Oropouche orthobunyavirus (OROV) is one of the most common orthobunyaviruses. When OROV infects humans, it causes a rapid fever illness called Oropouche fever. OROV was originally reported in Trinidad and Tobago in 1955 from the blood sample of a fever patient and from a pool of Coquillettidia venezuelensis mosquitoes. In 1960, OROV was isolated from a sloth (Bradypus tridactylus) and a pool of Ochlerotatus serratus  mosquitoes in Brazil. The virus is considered a public health threat in tropical and subtropical areas of Central and South America, with over half a million infected people as of 2005. OROV is considered to be an arbovirus due to the method of transmission by the mosquitoes Aedes serratus and Culex quinquefasciatus among sloths, marsupials, primates, and birds.

Epidemic sites
Between 1961 and 1980, OROV was reported in the northern state of Pará, Brazil, and from 1980 to 2004, OROV had spread to the Amazonas, Amapá, Acre, Rondônia, Tocantis, and Maranhão.

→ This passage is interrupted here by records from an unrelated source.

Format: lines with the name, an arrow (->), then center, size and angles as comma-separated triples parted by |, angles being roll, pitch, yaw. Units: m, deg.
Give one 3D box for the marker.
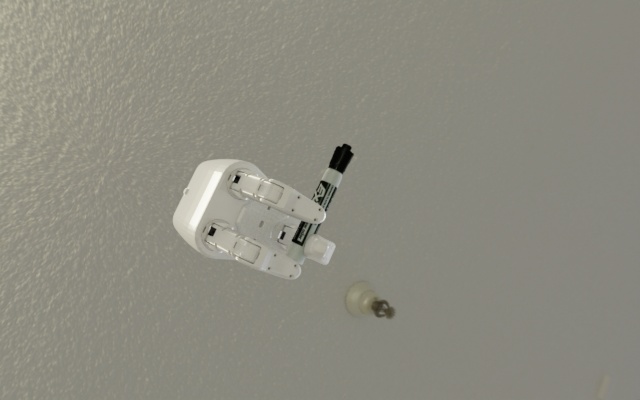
marker -> 0.000, 0.001, 0.448 | 0.020, 0.121, 0.020 | 25, -7, 3
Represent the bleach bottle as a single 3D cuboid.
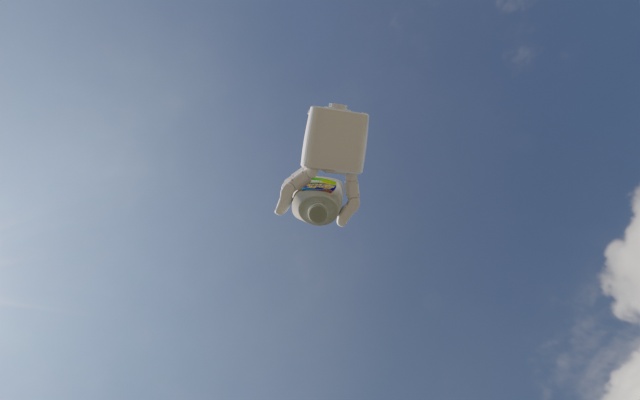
[{"bbox_3d":[0.000,0.003,0.862,0.102,0.068,0.251,8,9,-3],"label":"bleach bottle"}]
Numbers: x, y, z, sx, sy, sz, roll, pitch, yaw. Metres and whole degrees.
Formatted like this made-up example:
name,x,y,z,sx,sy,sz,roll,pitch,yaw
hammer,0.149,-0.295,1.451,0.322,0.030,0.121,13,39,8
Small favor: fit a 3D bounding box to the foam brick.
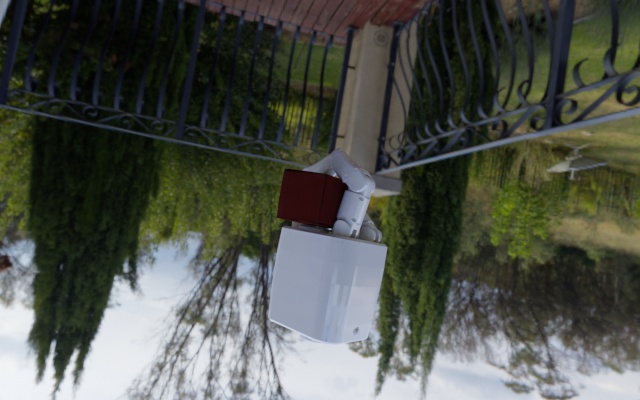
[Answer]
name,x,y,z,sx,sy,sz,roll,pitch,yaw
foam brick,0.000,0.001,0.498,0.053,0.051,0.078,9,-4,33
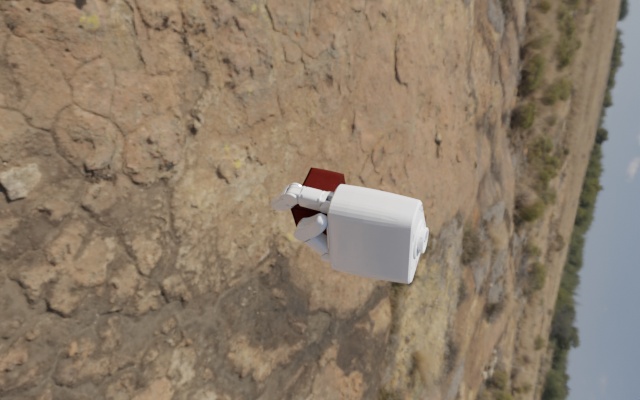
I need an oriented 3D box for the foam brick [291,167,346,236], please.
[{"bbox_3d":[0.000,0.002,0.660,0.051,0.078,0.053,10,-38,20],"label":"foam brick"}]
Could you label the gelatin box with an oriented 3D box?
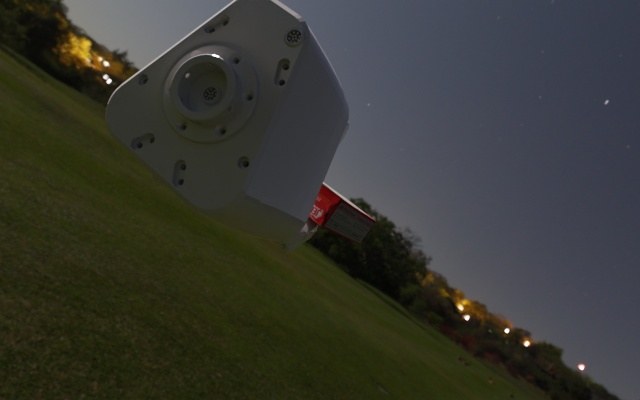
[{"bbox_3d":[0.000,0.001,0.417,0.073,0.030,0.089,37,4,28],"label":"gelatin box"}]
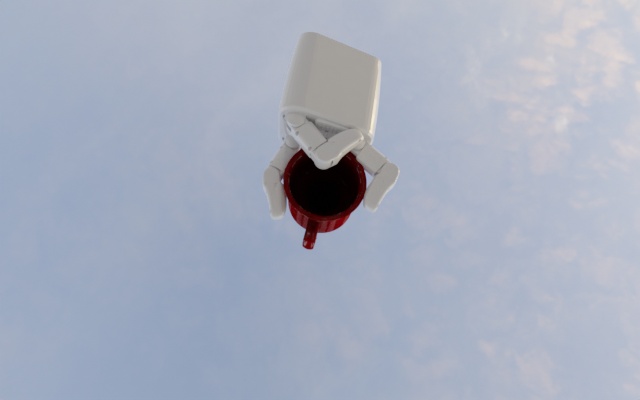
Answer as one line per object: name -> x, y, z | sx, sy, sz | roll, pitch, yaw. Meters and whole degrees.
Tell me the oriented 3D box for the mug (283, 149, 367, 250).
mug -> 0.000, 0.003, 0.561 | 0.093, 0.117, 0.081 | 12, -19, 0

The virus causes Oropouche fever, an urban arboviral disease that has since resulted in >30 epidemics during 1960–2009.

Virology
Currently, based on the small segment (SRNA) genetic information, there are 4 major genotypes (I–IV) of OROV. Genotype I was isolated from strains in Acre, Amazonas, Maranhão, Tocantis, Pará, Trinidad, and Tobago. Genotype II was obtained during the spread in Amapá, Pará, Rondônia, and Peru. Genotype III was isolated from samples in Acre, Minas Gerais, Panama, and Rondônia. The final genotype IV was isolated from Amazonas.

Dispersion
A possible dispersal could be predicted for the four genotypes based on time-scaled analysis and epidemiologic data association. Genotype I possibly dispersed towards western Pará, Trinidad, and Tobago. After, genotype I progressed towards Amazonas, Acre, Maranhao, and Tocantins. Genotype II possibly emerged in Amapá, Pará, Rondônia, and Peru at the same time. Genotype III emerged in Rondônia, moved towards Panama, Acre, and Maranhão. From Maranhão, the genotype progressed towards Minas Gerais. Finally, genotype IV emerged from the city of Manaus and Amazonas.

Experimentation and research
OROV has been used extensively in testing with HeLa cells to study the mechanisms of apoptosis induced by the virus. It was found that OROV causes apoptosis by DNA fragmentation. In UV-inactivated OROV, virus-receptor binding was not enough and that viral uncoating and replication were needed to induce apoptosis.